また「1年間に1回はプレイしてないと駄目」のような指標があったとしたら、仮に「364日に1回だけ、30分ゲームを触る人」がいればそれは瞬時にゲーマーと判断されるのだろうか?

もちろんコレは、単に意地悪く揚げ足を取っているだけだ。言っていることは詭弁に近い。
だが、その理屈は時に矛盾をはらむことを忘れてはならないのだ。


最後に三つ目の理由。
「少しでもゲームをやったらゲーマー」という台詞は、確かに「自分の知識や技量に自信を持てないゲームファン」にとっては、天啓の如き言葉だろう。
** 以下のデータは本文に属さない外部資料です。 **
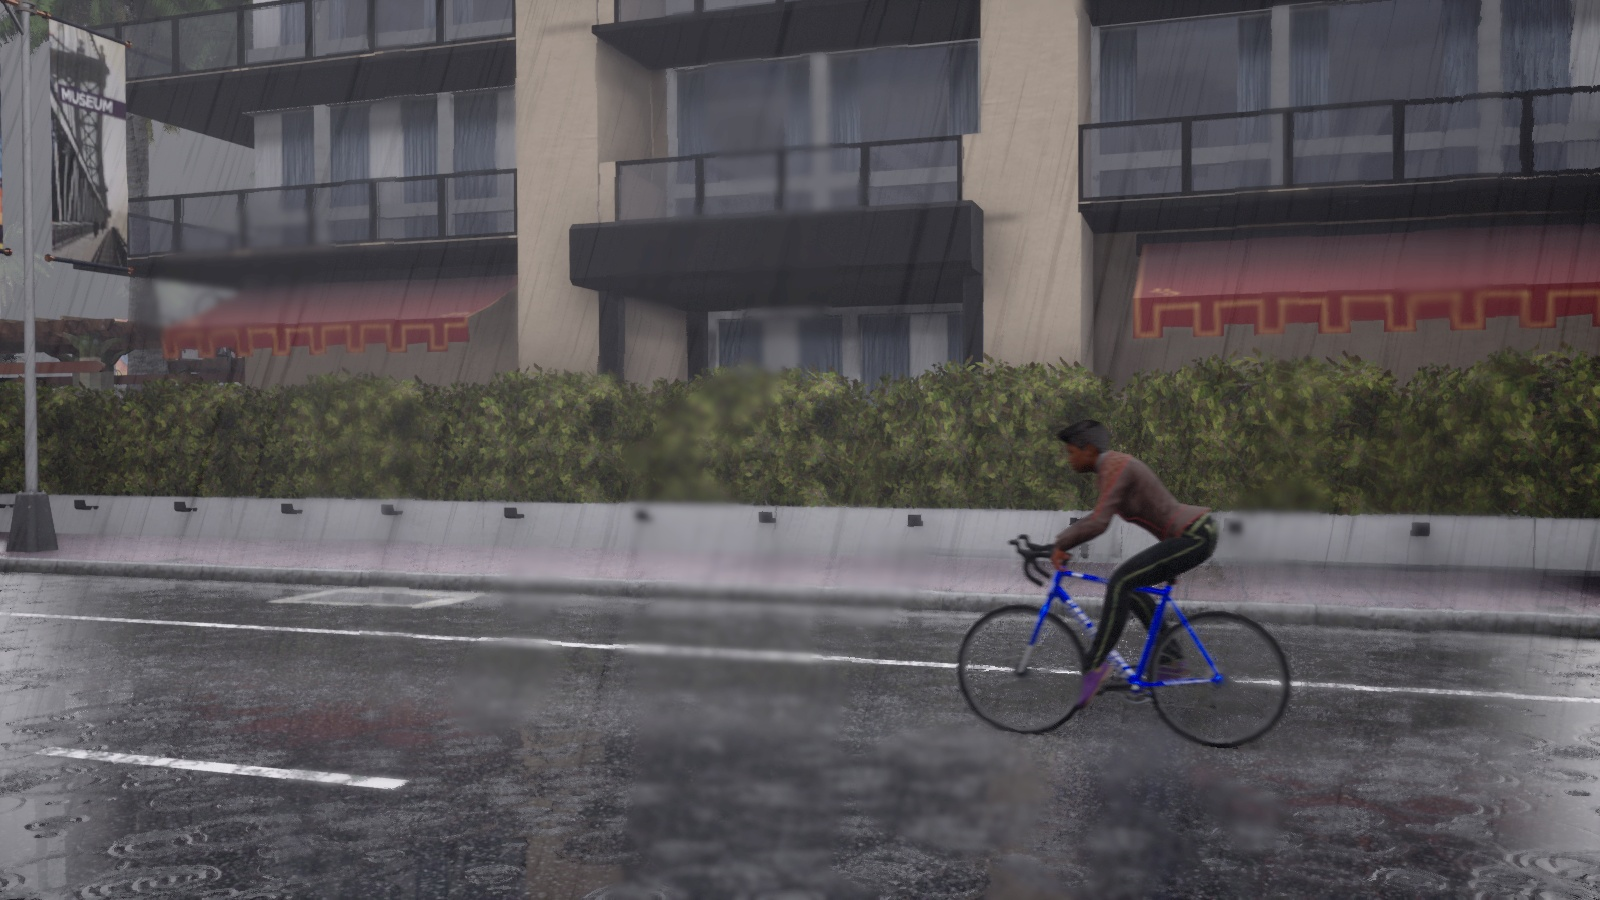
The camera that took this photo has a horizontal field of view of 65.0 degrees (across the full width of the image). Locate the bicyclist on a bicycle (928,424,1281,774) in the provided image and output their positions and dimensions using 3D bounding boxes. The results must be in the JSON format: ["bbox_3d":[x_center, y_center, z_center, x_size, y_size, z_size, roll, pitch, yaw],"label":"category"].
[{"bbox_3d":[1.521,0.684,6.337,1.656,1.620,0.582,0,1,18],"label":"bicyclist on a bicycle"}]
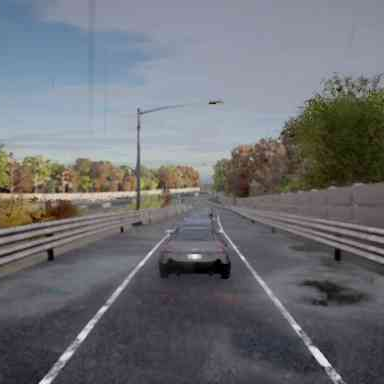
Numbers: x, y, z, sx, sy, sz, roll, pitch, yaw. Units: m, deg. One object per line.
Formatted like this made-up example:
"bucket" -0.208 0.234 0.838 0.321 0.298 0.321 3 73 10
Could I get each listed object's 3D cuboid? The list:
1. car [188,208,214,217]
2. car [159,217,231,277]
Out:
"car" 0.465 1.965 21.017 2.033 1.411 5.357 0 -2 2
"car" 0.098 1.681 10.582 1.994 1.385 4.181 0 -1 1
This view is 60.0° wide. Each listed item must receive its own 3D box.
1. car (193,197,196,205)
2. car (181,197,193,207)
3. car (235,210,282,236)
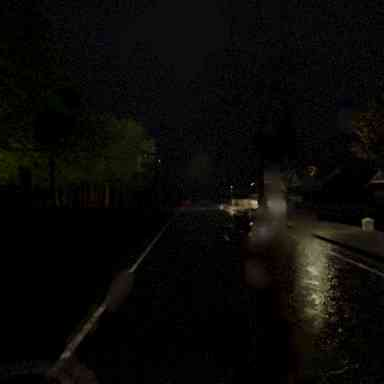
[{"bbox_3d":[0.001,2.302,88.753,2.150,2.045,5.566,0,-1,0],"label":"car"},{"bbox_3d":[-1.225,2.335,70.112,1.882,1.535,5.008,0,-1,0],"label":"car"},{"bbox_3d":[3.600,1.672,18.942,1.895,1.301,4.718,0,0,0],"label":"car"}]
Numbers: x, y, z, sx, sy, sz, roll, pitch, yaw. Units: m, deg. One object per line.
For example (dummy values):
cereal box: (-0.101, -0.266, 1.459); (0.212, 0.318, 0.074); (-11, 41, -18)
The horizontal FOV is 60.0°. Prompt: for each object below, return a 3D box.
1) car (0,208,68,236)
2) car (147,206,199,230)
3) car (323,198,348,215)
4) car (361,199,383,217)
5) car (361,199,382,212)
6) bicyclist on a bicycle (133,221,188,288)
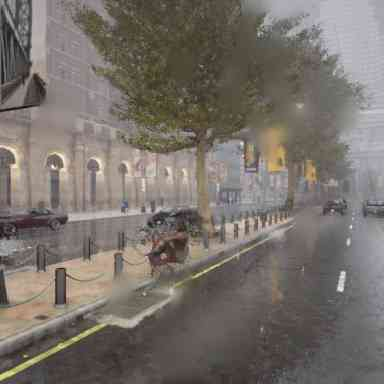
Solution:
car: (-9.456, 1.595, 18.837); (1.895, 1.301, 4.718); (0, 0, 26)
car: (-1.003, 1.564, 20.802); (1.994, 1.385, 4.181); (0, 0, 27)
car: (14.370, 1.505, 33.549); (1.837, 1.490, 4.892); (0, 0, 27)
car: (16.964, 1.492, 30.923); (2.128, 1.511, 4.902); (0, 0, 27)
car: (21.298, 1.547, 39.649); (2.033, 1.411, 5.357); (0, 0, 27)
bicyclist on a bicycle: (-0.629, 1.356, 7.873); (1.620, 1.656, 0.582); (-42, -20, 25)
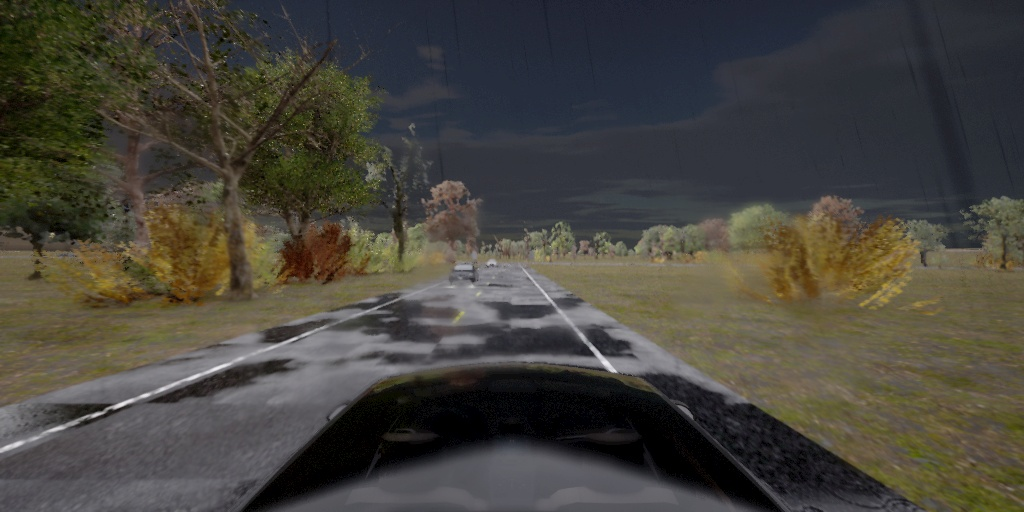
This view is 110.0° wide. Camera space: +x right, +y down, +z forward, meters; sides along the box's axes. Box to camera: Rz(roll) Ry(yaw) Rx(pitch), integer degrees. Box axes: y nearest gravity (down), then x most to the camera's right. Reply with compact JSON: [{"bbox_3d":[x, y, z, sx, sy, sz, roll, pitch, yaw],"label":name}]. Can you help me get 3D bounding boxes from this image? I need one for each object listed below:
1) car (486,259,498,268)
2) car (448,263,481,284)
[{"bbox_3d":[-3.494,1.310,63.528,1.812,1.442,4.674,0,1,0],"label":"car"},{"bbox_3d":[-3.586,1.297,27.380,1.812,1.442,4.674,0,0,0],"label":"car"}]
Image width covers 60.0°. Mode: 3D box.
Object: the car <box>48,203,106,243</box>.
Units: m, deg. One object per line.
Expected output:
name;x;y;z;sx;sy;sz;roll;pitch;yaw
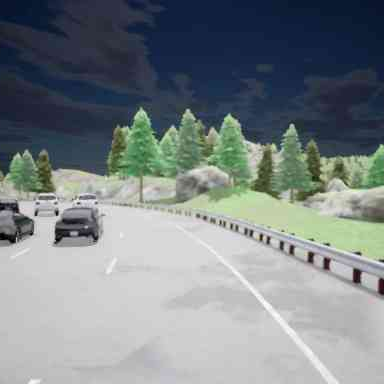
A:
car;-5.402;1.489;16.243;1.837;1.490;4.892;0;0;-12

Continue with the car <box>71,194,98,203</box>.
car;-10.745;1.189;33.333;2.150;2.045;5.566;0;0;-24

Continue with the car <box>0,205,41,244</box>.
car;-8.878;1.565;15.771;1.994;1.385;4.181;0;0;-12

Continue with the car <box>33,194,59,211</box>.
car;-14.661;1.206;33.545;2.150;2.045;5.566;0;0;-24

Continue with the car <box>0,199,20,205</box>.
car;-19.751;1.479;35.885;1.882;1.535;5.008;0;0;-27
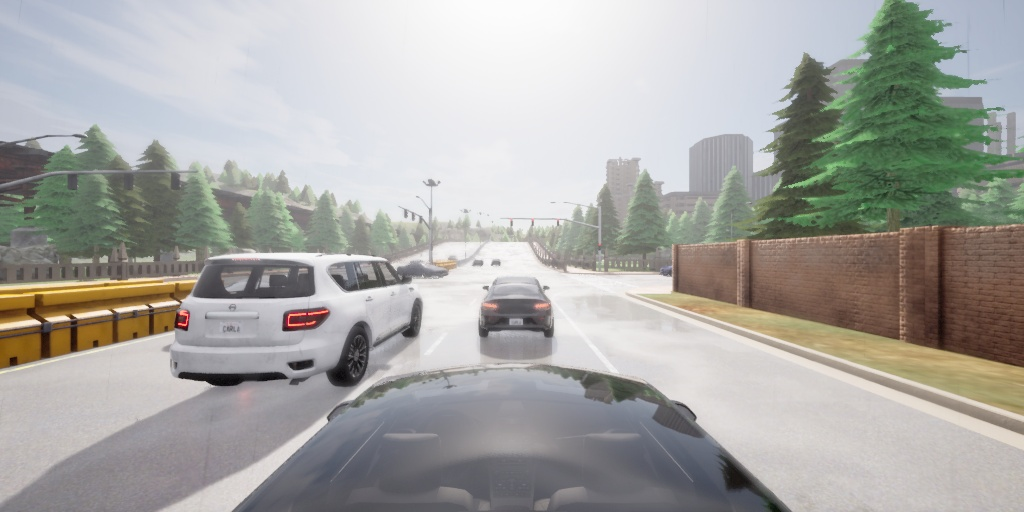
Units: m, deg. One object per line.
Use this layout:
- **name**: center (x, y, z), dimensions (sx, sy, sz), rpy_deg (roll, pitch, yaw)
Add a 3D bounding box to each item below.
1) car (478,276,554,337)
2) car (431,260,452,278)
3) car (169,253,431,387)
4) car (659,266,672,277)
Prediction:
- **car**: center (0.116, 1.276, 10.146), dimensions (1.812, 1.442, 4.674), rpy_deg (0, 0, 1)
- **car**: center (-8.306, 1.297, 33.005), dimensions (5.357, 1.411, 2.033), rpy_deg (0, 0, 35)
- **car**: center (-3.416, 0.971, 7.091), dimensions (2.150, 2.045, 5.566), rpy_deg (0, 0, 1)
- **car**: center (17.054, 1.276, 35.442), dimensions (4.674, 1.442, 1.812), rpy_deg (0, 0, 0)
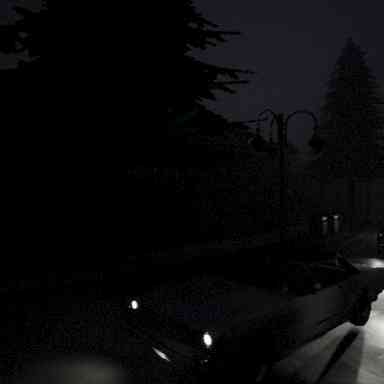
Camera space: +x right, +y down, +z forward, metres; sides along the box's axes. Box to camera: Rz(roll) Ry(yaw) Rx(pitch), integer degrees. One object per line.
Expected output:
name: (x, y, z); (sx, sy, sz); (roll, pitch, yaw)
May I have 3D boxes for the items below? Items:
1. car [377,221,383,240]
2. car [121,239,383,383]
car: (8.555, 1.516, 12.895); (2.128, 1.511, 4.902); (0, 0, 40)
car: (1.305, 1.621, 5.404); (4.718, 1.301, 1.895); (0, 0, -41)
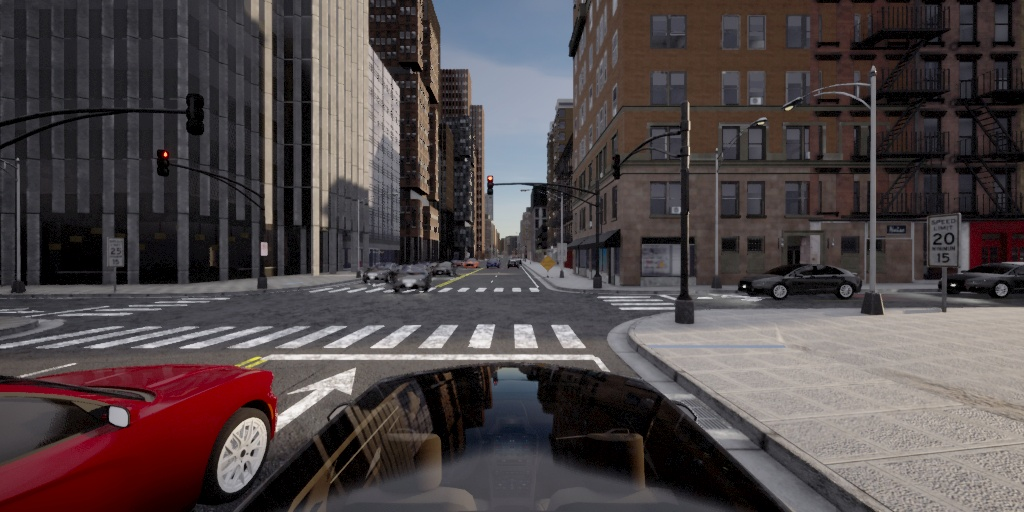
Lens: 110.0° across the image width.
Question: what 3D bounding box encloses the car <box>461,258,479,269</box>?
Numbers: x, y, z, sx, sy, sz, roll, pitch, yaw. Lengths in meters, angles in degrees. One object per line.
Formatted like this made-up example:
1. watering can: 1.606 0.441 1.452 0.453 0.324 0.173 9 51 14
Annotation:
1. car: -6.424 1.115 56.836 2.097 1.767 4.553 0 0 1

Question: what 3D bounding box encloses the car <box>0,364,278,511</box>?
1. car: -3.154 1.228 1.379 1.882 1.535 5.008 0 0 0

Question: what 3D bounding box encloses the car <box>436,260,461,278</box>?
1. car: -6.521 1.258 34.886 1.837 1.490 4.892 0 1 0

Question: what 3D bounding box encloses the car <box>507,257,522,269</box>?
1. car: 0.189 1.271 58.703 1.837 1.490 4.892 0 0 0

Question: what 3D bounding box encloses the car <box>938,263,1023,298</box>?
1. car: 22.304 1.048 16.149 4.892 1.490 1.837 0 0 0

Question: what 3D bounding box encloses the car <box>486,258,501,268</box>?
1. car: -3.054 1.118 59.451 2.097 1.767 4.553 0 0 1

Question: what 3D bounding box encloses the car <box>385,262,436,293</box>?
1. car: -5.773 1.245 20.963 2.128 1.511 4.902 0 0 -11

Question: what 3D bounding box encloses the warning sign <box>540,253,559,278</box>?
1. warning sign: 2.915 0.868 29.098 1.300 1.860 1.060 0 0 0

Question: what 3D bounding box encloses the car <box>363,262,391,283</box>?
1. car: -9.801 1.244 27.655 2.128 1.511 4.902 0 0 1

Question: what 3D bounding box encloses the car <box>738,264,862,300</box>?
1. car: 12.907 1.116 16.232 4.892 1.490 1.837 0 0 -1

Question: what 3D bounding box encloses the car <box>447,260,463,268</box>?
1. car: -9.623 1.368 61.166 1.895 1.301 4.718 0 0 1

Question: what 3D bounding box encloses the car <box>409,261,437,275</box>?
1. car: -9.759 1.319 39.534 1.994 1.385 4.181 0 0 0

なにしろ、それまで己の未熟さを過度に意識するがゆえに「ヘタレゲーマー」等しか名乗れなかった人々に、「君達もゲーマーなんだよ!」と言ってあげるのだから。そしてそういう意味だったら、オレも同意したいと思う。「ゲーマー」とは名誉称号ではあっても、特権階級を指すわけではない。
しかし問題は、それが必ずしも「良い面だけ」を生むわけじゃないってことだろう。

繰り返すようで悪いしクドいが、オレは「その考え方」が絶対悪だとは思っていない。ただ一元的な見方は、場合によって問題だと考えている。
つまりゲーマーとは一種の「名誉称号」であると同時に、その称号に興味を持たぬ人々にとっては全く価値が無い…それどころか、むしろ疎まれるモノだということである。要するに「オタク」と呼ばれるのを過剰に嫌がる人がいるように、「ゲーマー」と呼ばれるのを嫌がる人もいるということだ。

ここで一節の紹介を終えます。